"""

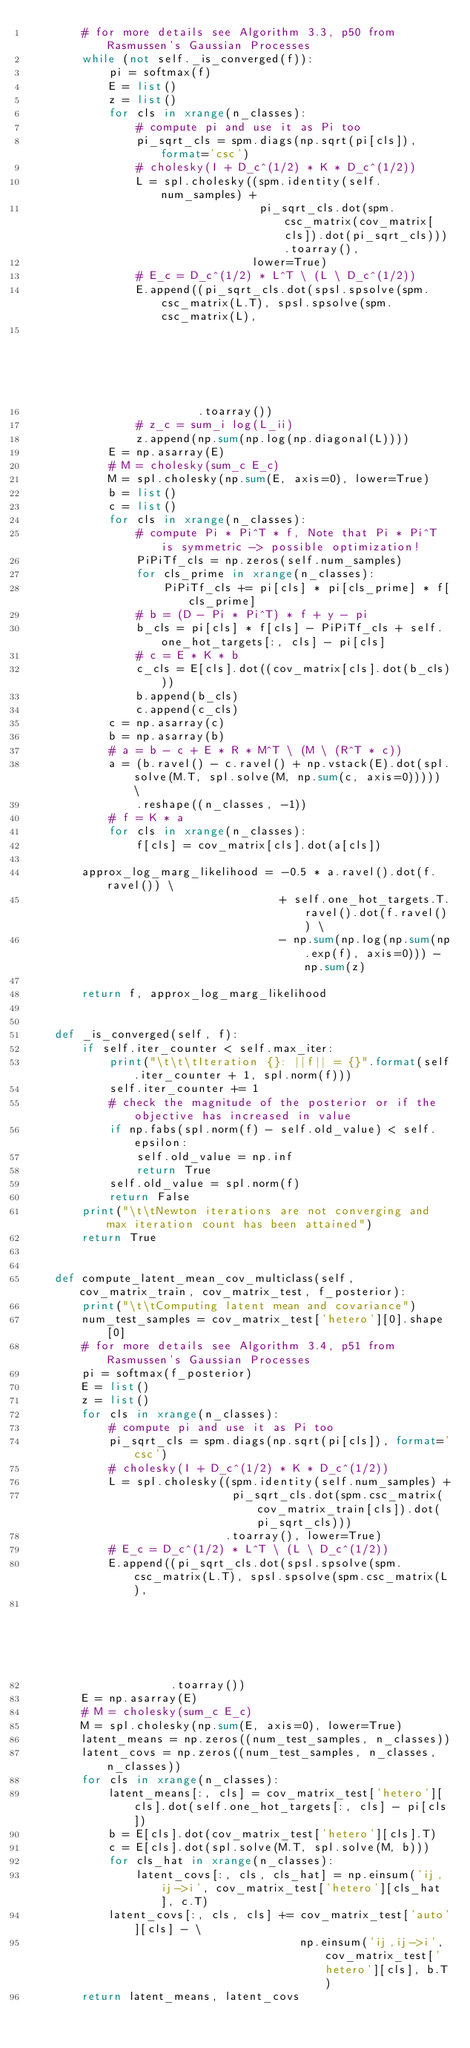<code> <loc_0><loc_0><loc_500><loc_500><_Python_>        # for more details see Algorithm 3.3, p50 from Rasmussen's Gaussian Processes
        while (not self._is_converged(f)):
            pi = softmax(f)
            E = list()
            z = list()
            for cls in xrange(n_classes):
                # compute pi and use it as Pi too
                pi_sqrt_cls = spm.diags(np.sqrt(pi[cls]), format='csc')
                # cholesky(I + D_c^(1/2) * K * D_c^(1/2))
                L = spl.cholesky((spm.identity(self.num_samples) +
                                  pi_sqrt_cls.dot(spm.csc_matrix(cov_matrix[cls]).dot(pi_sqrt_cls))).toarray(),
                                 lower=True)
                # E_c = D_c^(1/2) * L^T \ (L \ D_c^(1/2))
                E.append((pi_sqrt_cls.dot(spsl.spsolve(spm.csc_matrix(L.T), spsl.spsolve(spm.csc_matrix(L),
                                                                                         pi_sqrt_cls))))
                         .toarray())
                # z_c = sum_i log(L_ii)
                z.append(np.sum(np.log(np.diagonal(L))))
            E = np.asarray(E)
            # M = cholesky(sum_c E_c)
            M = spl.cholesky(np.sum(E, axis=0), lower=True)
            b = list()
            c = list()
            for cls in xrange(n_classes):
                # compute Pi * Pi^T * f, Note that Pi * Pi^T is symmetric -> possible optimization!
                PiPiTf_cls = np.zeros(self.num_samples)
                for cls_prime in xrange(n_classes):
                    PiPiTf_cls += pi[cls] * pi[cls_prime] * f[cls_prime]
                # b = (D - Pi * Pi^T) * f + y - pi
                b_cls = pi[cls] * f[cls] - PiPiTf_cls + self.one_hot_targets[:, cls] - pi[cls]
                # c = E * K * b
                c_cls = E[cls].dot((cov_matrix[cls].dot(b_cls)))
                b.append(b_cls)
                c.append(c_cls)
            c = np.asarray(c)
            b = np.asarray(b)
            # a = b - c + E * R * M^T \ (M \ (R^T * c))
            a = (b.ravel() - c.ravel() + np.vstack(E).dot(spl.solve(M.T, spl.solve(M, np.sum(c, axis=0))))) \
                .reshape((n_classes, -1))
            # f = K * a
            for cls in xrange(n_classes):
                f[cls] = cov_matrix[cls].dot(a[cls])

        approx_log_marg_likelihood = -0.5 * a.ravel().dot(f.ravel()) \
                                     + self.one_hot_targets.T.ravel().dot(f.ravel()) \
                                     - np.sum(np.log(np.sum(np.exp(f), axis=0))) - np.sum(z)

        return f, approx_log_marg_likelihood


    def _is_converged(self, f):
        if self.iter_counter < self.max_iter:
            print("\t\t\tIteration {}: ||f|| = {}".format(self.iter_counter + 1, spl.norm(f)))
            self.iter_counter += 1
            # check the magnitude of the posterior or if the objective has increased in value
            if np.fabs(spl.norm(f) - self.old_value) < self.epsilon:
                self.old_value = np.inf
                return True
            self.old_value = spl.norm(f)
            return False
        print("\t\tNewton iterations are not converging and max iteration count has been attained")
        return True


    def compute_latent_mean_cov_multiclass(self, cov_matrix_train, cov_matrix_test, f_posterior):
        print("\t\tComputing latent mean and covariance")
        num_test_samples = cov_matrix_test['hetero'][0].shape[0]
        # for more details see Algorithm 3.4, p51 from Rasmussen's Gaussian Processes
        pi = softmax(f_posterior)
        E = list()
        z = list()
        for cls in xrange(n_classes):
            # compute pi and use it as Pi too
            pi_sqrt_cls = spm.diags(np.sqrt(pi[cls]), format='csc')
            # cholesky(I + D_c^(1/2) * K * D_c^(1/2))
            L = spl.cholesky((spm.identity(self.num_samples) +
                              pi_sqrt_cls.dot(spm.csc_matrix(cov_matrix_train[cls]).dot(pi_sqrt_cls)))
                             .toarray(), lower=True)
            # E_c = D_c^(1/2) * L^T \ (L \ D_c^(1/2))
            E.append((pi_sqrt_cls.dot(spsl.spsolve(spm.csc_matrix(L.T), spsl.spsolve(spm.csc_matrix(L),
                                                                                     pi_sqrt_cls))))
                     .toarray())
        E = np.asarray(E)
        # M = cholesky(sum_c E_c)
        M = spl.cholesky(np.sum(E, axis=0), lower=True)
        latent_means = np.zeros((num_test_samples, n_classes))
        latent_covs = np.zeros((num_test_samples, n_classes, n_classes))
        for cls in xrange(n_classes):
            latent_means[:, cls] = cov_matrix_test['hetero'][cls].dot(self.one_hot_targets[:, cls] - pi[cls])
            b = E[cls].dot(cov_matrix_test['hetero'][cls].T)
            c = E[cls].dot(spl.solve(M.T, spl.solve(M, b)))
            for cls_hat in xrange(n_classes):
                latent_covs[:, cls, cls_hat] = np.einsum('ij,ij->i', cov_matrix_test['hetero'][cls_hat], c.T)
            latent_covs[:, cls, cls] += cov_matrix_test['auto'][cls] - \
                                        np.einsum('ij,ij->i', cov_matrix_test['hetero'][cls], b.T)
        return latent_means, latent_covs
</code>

"""

_WHAT IS REQUIRED_
Where a line of the entries above holds the word "True", return that line.

_TASK ANSWER_
                                 lower=True)
            M = spl.cholesky(np.sum(E, axis=0), lower=True)
                return True
        return True
                             .toarray(), lower=True)
        M = spl.cholesky(np.sum(E, axis=0), lower=True)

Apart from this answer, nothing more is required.